Sunday, May 19, 2013
The Rules of Writing-Syntax-The Sentence-Sentence Classes-Interrogative Sentences
Published: June 21, 2013


Interrogative Sentences

The next kind of sentence is the interrogative. These are also known as questions. Most interrogative sentences expect answers, information, confirmation, or the denial of a statement. Often, they begin with a question word (what, who, or how) or an auxiliary verb (be, do, can, or would).

What are you doing this evening?

Can I have more meatloaf?

Has your new dress shrunk?

We must be careful to distinguish between direct and indirect questions. Direct questions normally reverse the word order, placing the verb before the subject, and end with a question mark.

Direct/interrogative sentences

Is that a Rottweiler?

What did she do to her dress?

Indirect questions normally do not use the inverted subject-verb order or end with a question mark.
Indirect/declarative sentences

I wonder if other dogs think Rottweilers are the Gestapo.

I want to know what she did to the dress.

According to form, we can classify interrogative sentences into the following categories:

Yes-No

Alternative

Adverb-pronoun interrogatives

Tagged

Rhetorical

Yes-No interrogative sentences

These sentences require answers limited to yes or no:

Are you lonesome tonight?

Is this seat taken?

Have you taken the garbage out?

Alternative interrogative sentences

These offer different responses, which are not yes or no.

Should I wear the leopard-print windbreaker or the gray coat?

Do you want apples, pears, or a tot of malt whiskey?

Is she Fifi, Mary, or Genevieve?

Adverb/pronoun interrogatives

These sentences are introduced by interrogative adverbs or pronouns, such as what, where, or who.

What’s going on here?

Where is my new shirt?

Who wrote Naná?

Tag questions

These consist of auxiliary verbs followed by a pronoun and are tagged onto the end of declarative sentences.

Sonia has grown since we last saw her, hasn’t she?

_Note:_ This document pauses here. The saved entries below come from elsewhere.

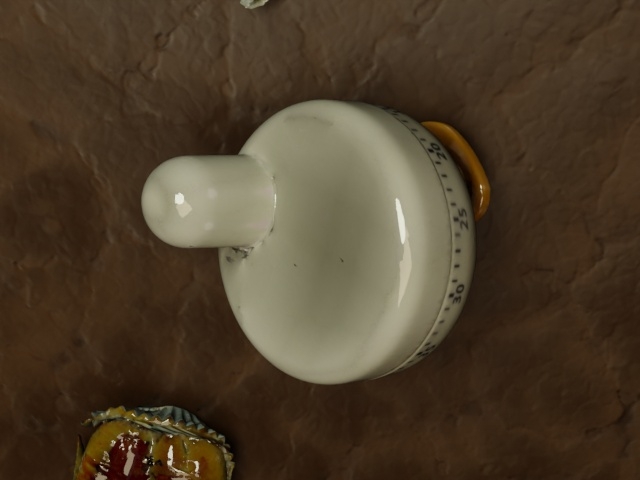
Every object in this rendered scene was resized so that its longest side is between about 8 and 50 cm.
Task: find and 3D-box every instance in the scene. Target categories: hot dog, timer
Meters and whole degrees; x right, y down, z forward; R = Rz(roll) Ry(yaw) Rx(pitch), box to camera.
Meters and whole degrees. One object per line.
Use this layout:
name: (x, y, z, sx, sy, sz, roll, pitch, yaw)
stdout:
hot dog: (-0.172, 0.278, 1.189, 0.162, 0.082, 0.271, 13, 110, -1)
timer: (0.000, 0.000, 0.983, 0.233, 0.240, 0.234, 3, 94, 45)

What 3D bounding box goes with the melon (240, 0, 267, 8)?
melon: (-0.009, -0.276, 0.962, 0.139, 0.093, 0.203, 4, 116, -4)
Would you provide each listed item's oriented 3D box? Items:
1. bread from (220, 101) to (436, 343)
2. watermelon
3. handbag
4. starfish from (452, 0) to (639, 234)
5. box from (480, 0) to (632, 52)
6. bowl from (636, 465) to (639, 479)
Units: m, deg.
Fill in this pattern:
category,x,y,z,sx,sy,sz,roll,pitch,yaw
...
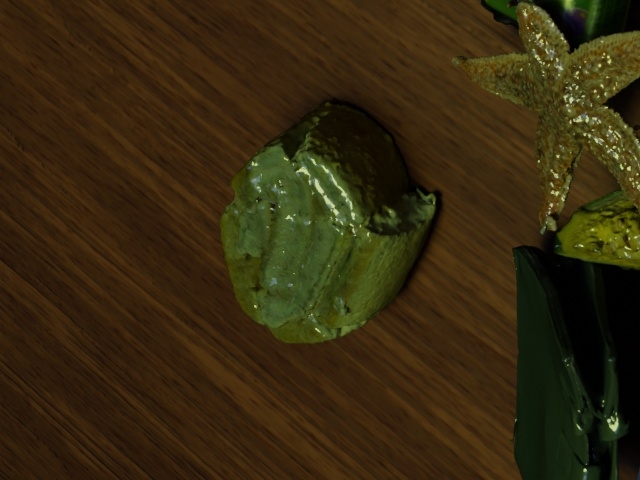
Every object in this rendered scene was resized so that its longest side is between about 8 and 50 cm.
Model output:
category,x,y,z,sx,sy,sz,roll,pitch,yaw
bread,0.000,0.000,1.991,0.186,0.124,0.257,35,132,23
watermelon,0.347,-0.001,1.679,0.301,0.129,0.123,5,116,48
handbag,0.226,0.152,1.792,0.079,0.260,0.248,-3,117,-2
starfish,0.223,-0.102,1.669,0.295,0.048,0.231,-6,109,56
box,0.223,-0.331,1.641,0.134,0.097,0.346,34,131,35
bowl,0.451,0.252,1.700,0.345,0.157,0.346,21,125,33
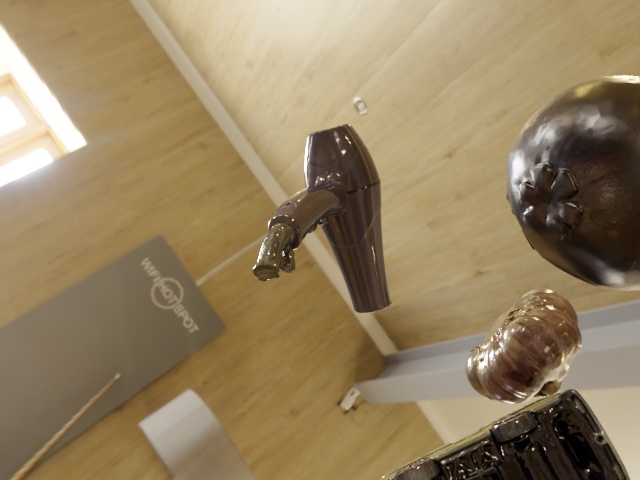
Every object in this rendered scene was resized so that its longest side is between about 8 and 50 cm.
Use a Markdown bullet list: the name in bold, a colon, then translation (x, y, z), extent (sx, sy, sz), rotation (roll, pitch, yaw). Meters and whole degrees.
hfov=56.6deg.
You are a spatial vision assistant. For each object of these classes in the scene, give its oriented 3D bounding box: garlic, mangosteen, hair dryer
- **garlic**: translation (0.381, 0.206, 1.083), extent (0.160, 0.245, 0.245), rotation (42, -30, 15)
- **mangosteen**: translation (0.281, -0.052, 0.539), extent (0.194, 0.230, 0.194), rotation (19, -67, 51)
- **hair dryer**: translation (0.000, 0.000, 0.846), extent (0.121, 0.361, 0.301), rotation (-9, -79, 27)

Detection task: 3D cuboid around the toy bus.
- **toy bus**: translation (0.234, 0.332, 0.815), extent (0.143, 0.305, 0.179), rotation (63, -1, 18)
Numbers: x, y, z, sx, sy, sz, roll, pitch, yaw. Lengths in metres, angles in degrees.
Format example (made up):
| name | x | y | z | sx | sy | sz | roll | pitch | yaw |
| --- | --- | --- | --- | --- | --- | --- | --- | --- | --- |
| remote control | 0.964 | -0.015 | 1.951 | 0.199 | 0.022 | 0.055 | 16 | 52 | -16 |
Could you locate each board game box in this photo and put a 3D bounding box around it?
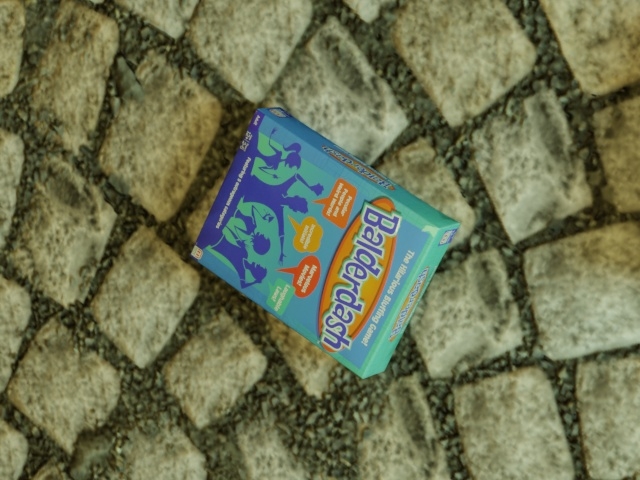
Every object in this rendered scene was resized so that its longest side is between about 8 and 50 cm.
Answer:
| name | x | y | z | sx | sy | sz | roll | pitch | yaw |
| --- | --- | --- | --- | --- | --- | --- | --- | --- | --- |
| board game box | 0.000 | 0.000 | 1.467 | 0.210 | 0.047 | 0.160 | 33 | 111 | 21 |
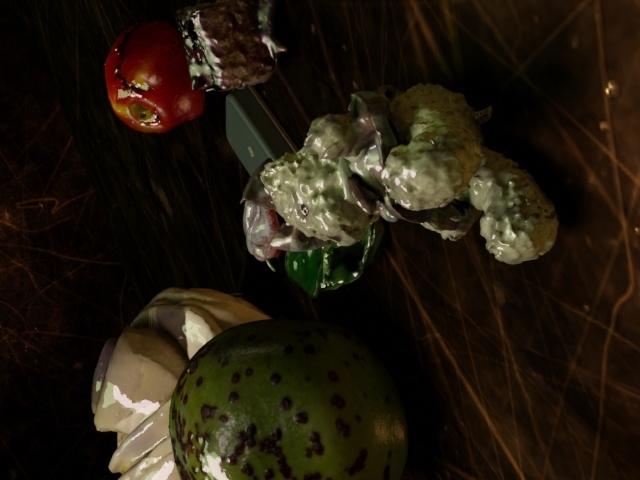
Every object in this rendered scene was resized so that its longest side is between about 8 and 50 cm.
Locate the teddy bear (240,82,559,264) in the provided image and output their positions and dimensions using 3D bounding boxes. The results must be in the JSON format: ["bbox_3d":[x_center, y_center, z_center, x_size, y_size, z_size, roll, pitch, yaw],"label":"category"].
[{"bbox_3d":[0.041,-0.051,0.479,0.133,0.111,0.213,35,158,-35],"label":"teddy bear"}]

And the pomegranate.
[{"bbox_3d":[-0.029,0.206,0.752,0.254,0.254,0.270,108,152,-61],"label":"pomegranate"}]

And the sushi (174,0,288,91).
[{"bbox_3d":[-0.081,-0.187,0.695,0.094,0.098,0.084,-114,11,-71],"label":"sushi"}]

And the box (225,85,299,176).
[{"bbox_3d":[-0.064,-0.101,0.809,0.126,0.031,0.091,56,158,23],"label":"box"}]

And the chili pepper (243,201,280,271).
[{"bbox_3d":[-0.070,-0.020,0.901,0.050,0.041,0.153,14,140,11],"label":"chili pepper"}]

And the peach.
[{"bbox_3d":[-0.217,-0.225,0.973,0.092,0.127,0.172,88,177,-61],"label":"peach"}]

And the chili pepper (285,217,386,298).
[{"bbox_3d":[-0.003,0.001,0.731,0.216,0.062,0.108,139,112,-69],"label":"chili pepper"}]

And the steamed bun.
[{"bbox_3d":[-0.197,0.214,1.019,0.346,0.237,0.394,-54,24,18],"label":"steamed bun"}]
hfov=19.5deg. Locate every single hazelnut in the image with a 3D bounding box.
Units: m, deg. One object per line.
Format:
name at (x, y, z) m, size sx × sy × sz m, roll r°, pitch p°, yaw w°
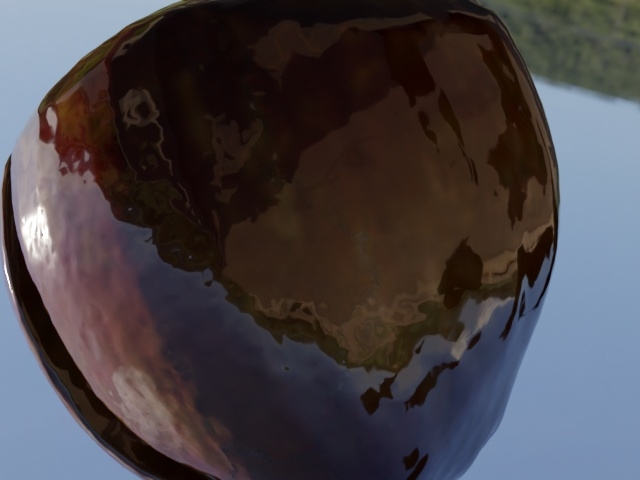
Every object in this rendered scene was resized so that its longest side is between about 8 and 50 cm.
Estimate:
hazelnut at (0.000, 0.000, 0.693) m, size 0.218 × 0.218 × 0.234 m, roll 18°, pitch -165°, yaw 16°
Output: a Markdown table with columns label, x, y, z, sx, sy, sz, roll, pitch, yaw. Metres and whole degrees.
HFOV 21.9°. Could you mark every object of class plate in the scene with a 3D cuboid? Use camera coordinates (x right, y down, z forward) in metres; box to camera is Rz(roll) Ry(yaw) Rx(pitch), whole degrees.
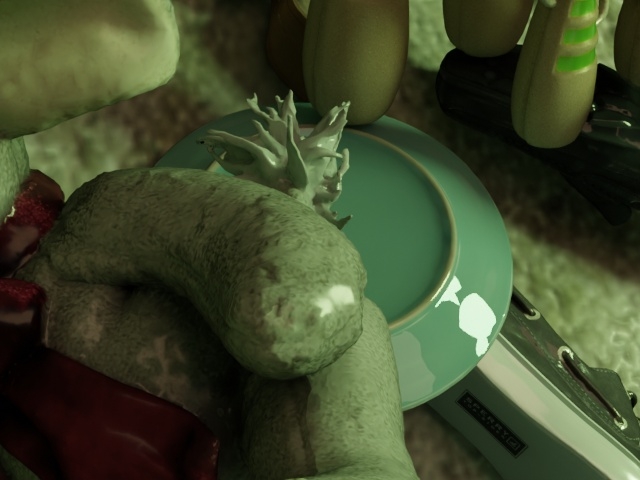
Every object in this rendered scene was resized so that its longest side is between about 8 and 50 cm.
| label | x | y | z | sx | sy | sz | roll | pitch | yaw |
| --- | --- | --- | --- | --- | --- | --- | --- | --- | --- |
| plate | 0.000 | 0.000 | 0.780 | 0.188 | 0.024 | 0.188 | 3 | 54 | -4 |

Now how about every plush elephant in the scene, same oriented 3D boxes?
| label | x | y | z | sx | sy | sz | roll | pitch | yaw |
| --- | --- | --- | --- | --- | --- | --- | --- | --- | --- |
| plush elephant | -0.118 | 0.033 | 0.603 | 0.255 | 0.272 | 0.330 | 20 | 49 | -18 |

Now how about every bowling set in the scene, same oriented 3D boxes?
| label | x | y | z | sx | sy | sz | roll | pitch | yaw |
| --- | --- | --- | --- | --- | --- | --- | --- | --- | --- |
| bowling set | 0.143 | -0.141 | 0.816 | 0.200 | 0.154 | 0.287 | 25 | 39 | 26 |

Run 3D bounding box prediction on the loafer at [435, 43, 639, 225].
| label | x | y | z | sx | sy | sz | roll | pitch | yaw |
| --- | --- | --- | --- | --- | --- | --- | --- | --- | --- |
| loafer | 0.165 | -0.043 | 0.901 | 0.223 | 0.078 | 0.076 | 19 | 37 | -1 |

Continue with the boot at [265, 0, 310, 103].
| label | x | y | z | sx | sy | sz | roll | pitch | yaw |
| --- | --- | --- | --- | --- | --- | --- | --- | --- | --- |
| boot | 0.002 | -0.128 | 0.878 | 0.087 | 0.042 | 0.118 | -38 | 96 | -44 |

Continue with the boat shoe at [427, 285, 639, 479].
| label | x | y | z | sx | sy | sz | roll | pitch | yaw |
| --- | --- | --- | --- | --- | --- | --- | --- | --- | --- |
| boat shoe | 0.119 | 0.086 | 0.819 | 0.228 | 0.080 | 0.076 | 43 | 56 | 6 |
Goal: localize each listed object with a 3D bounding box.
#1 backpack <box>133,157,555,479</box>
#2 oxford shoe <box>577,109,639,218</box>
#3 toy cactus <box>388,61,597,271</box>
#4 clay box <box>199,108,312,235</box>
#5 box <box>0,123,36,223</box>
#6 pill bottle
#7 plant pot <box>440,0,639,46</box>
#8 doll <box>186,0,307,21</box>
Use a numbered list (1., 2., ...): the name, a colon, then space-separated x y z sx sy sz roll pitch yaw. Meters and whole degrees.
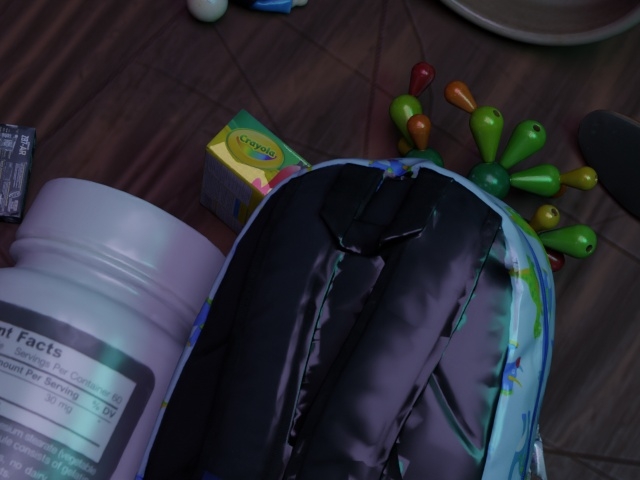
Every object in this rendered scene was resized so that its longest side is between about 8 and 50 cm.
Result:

The kids are having fun, aren’t they?

My Bouillabaisse is magnificent, isn’t it?

Rhetorical questions

These are excellent devices for writers—as long as we use them in moderation. These questions have interrogative form (they are punctuated with a question mark), but they are statements since we don’t expect direct answers.

Why should I care?

Why do Americans bellyache about their presidents? They voted them into power.

Who does she thinks she is?

The most powerful way to handle these questions is by carefully inserting them in description or internal dialogue:

That couldn’t be their baby, it couldn’t. The memory of the hideous creature wouldn’t leave his head, joining that image one of Dana crouched on the floor sobbing. He knew they’d fought, and he’d kicked her, but surely that didn’t cause their baby to look like that. It probably was bad genetics. Obviously, her gene pool was pretty shallow.

“Surely that didn’t cause their baby to look like that,” is an excellent example of a rhetorical question.